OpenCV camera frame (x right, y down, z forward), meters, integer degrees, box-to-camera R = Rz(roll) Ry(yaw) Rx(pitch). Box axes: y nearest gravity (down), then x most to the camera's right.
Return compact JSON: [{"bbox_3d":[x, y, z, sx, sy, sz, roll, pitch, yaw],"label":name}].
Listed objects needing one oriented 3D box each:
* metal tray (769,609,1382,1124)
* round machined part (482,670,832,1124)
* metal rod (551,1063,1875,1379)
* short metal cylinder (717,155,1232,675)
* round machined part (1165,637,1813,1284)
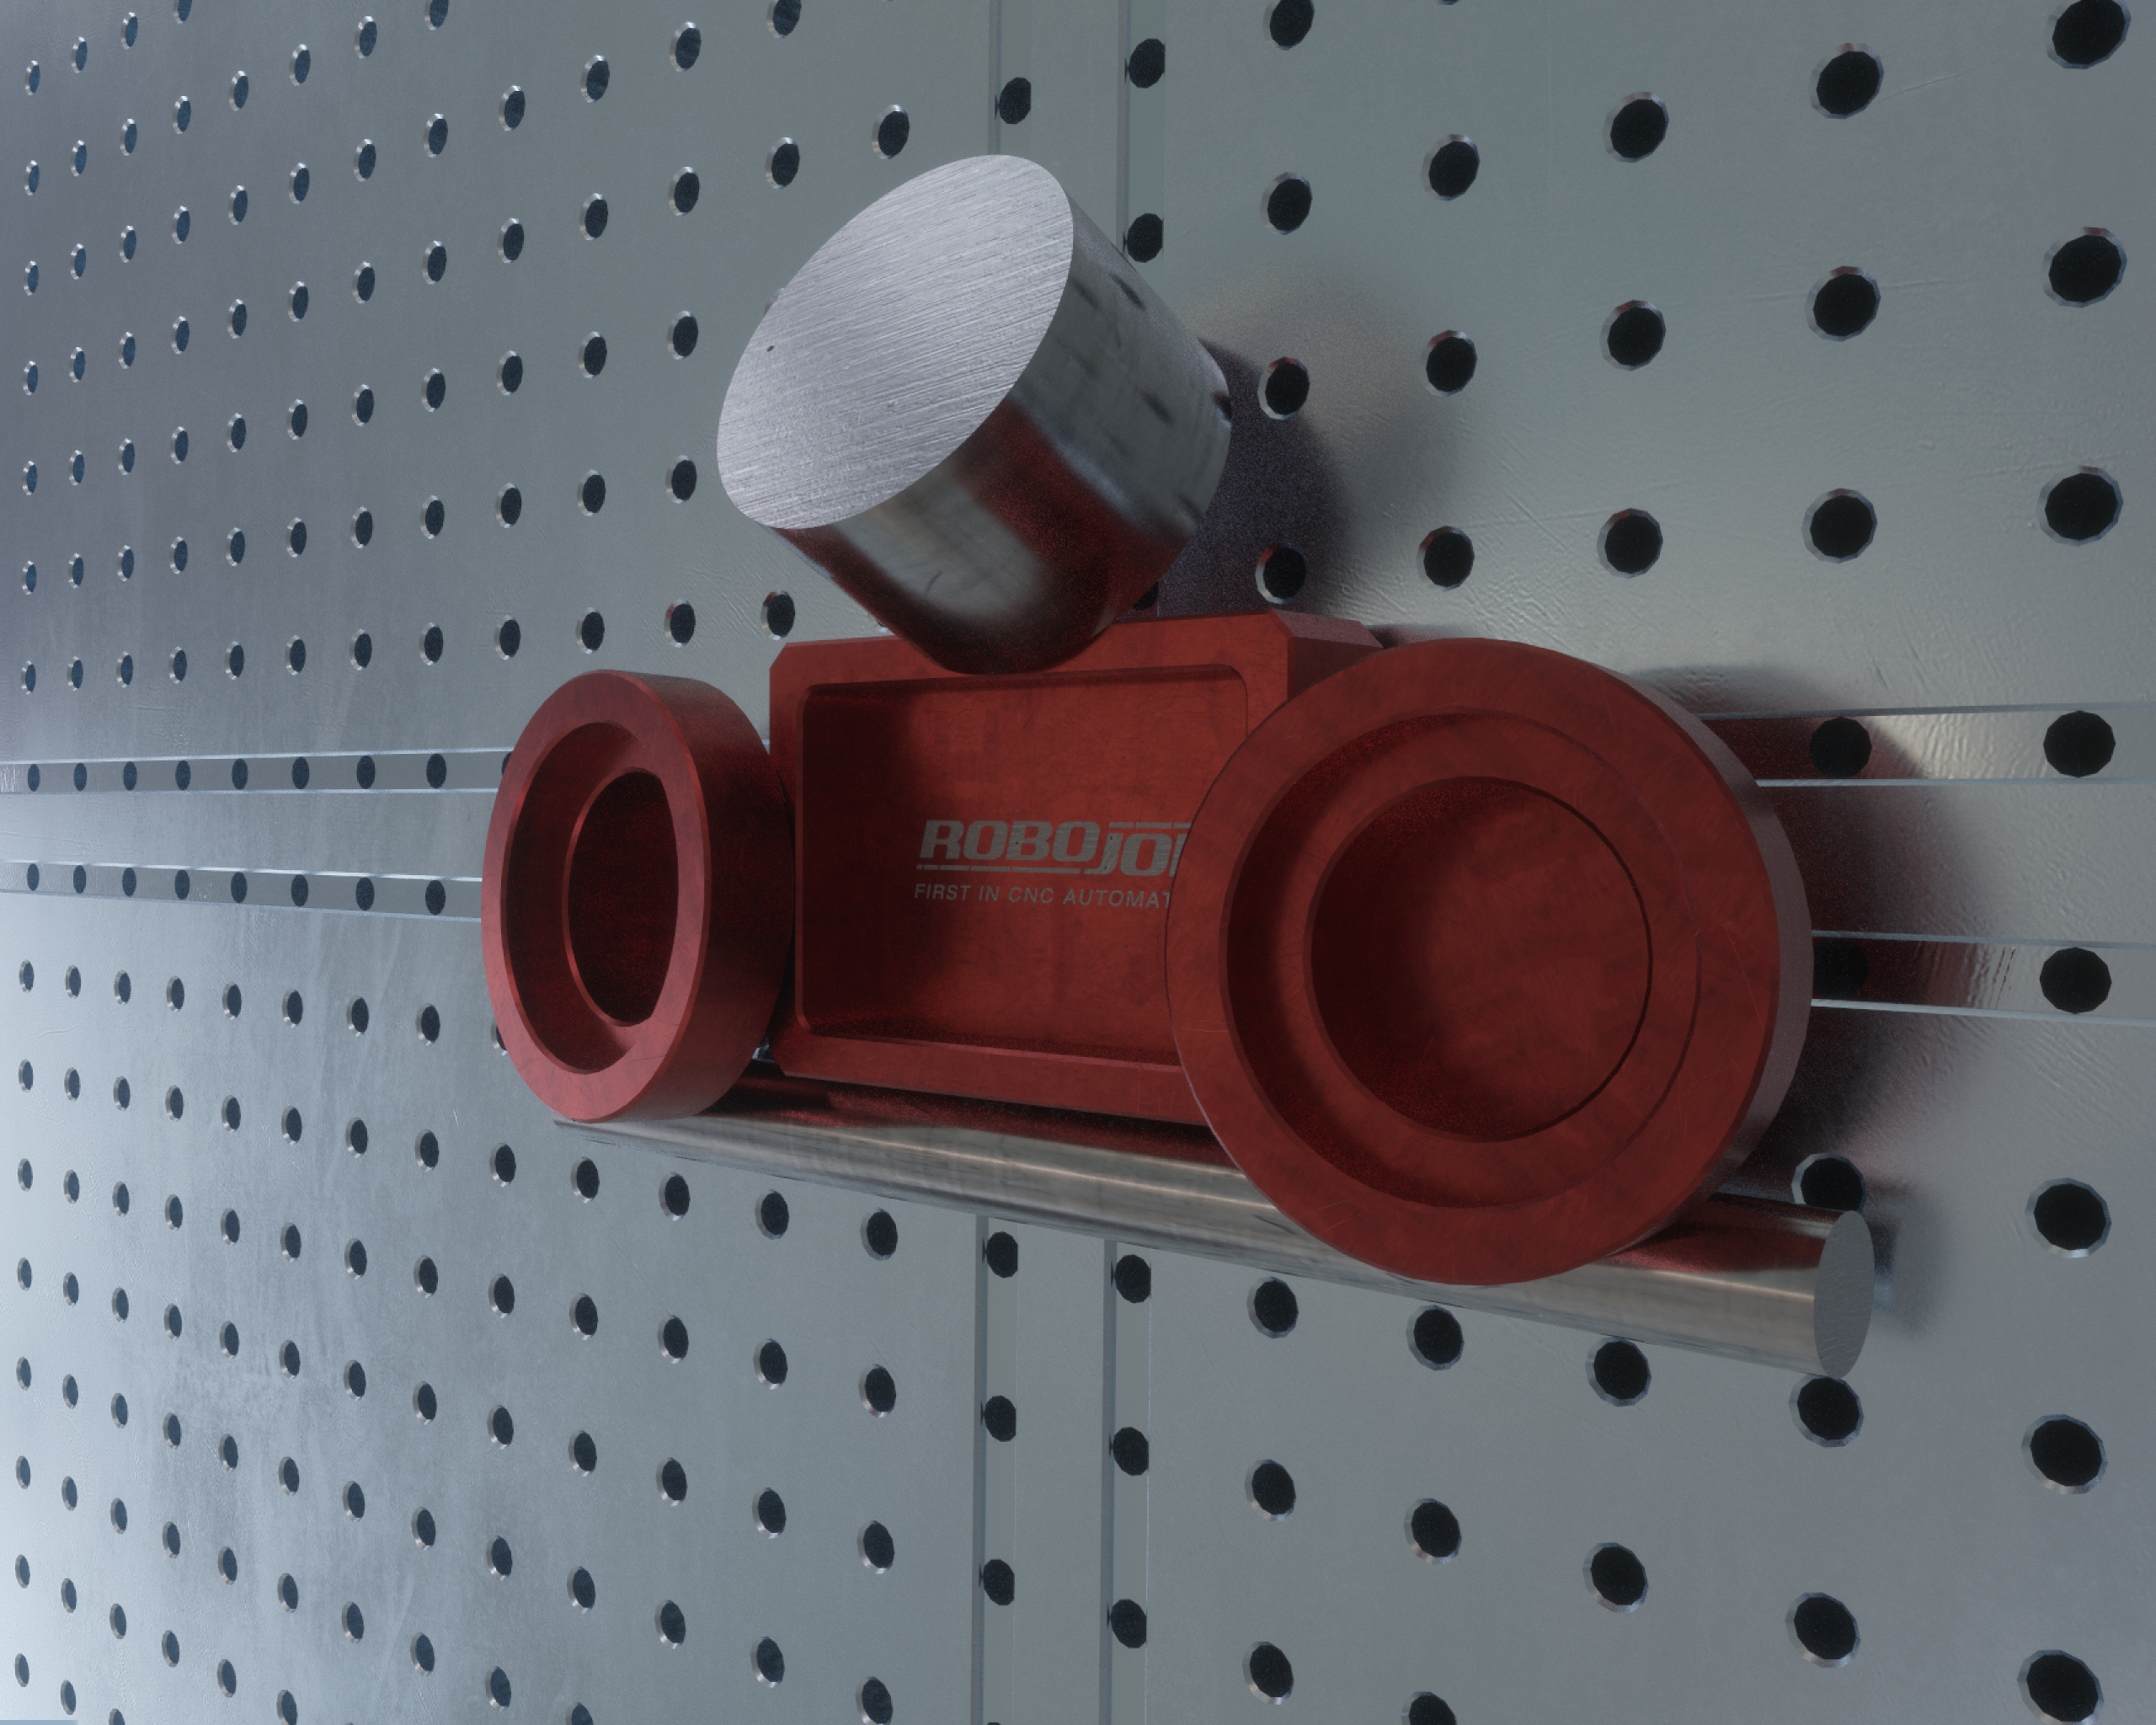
[{"bbox_3d":[-0.005,0.000,0.404,0.130,0.030,0.089,1,91,39],"label":"metal tray"},{"bbox_3d":[-0.090,0.008,0.461,0.098,0.042,0.097,-4,84,48],"label":"round machined part"},{"bbox_3d":[-0.002,0.059,0.405,0.300,0.025,0.025,3,92,39],"label":"metal rod"},{"bbox_3d":[-0.019,-0.082,0.385,0.080,0.050,0.080,-20,52,29],"label":"short metal cylinder"},{"bbox_3d":[0.067,0.015,0.332,0.098,0.042,0.097,-1,88,32],"label":"round machined part"}]

**Description of the task:** Copy the listing exactly. Leave the pictures out.

**Result of the exercise:**
OpenCV camera frame (x right, y down, z forward), meters, integer degrees, box-to-camera R = Rz(roll) Ry(yaw) Rx(pitch). Box axes: y nearest gravity (down), then x most to the camera's right.
Return compact JSON: [{"bbox_3d":[x, y, z, sx, sy, sz, roll, pitch, yaw],"label":name}].
Listed objects needing one oriented 3D box each:
* metal tray (769,609,1382,1124)
* round machined part (482,670,832,1124)
* metal rod (551,1063,1875,1379)
* short metal cylinder (717,155,1232,675)
* round machined part (1165,637,1813,1284)
[{"bbox_3d":[-0.005,0.000,0.404,0.130,0.030,0.089,1,91,39],"label":"metal tray"},{"bbox_3d":[-0.090,0.008,0.461,0.098,0.042,0.097,-4,84,48],"label":"round machined part"},{"bbox_3d":[-0.002,0.059,0.405,0.300,0.025,0.025,3,92,39],"label":"metal rod"},{"bbox_3d":[-0.019,-0.082,0.385,0.080,0.050,0.080,-20,52,29],"label":"short metal cylinder"},{"bbox_3d":[0.067,0.015,0.332,0.098,0.042,0.097,-1,88,32],"label":"round machined part"}]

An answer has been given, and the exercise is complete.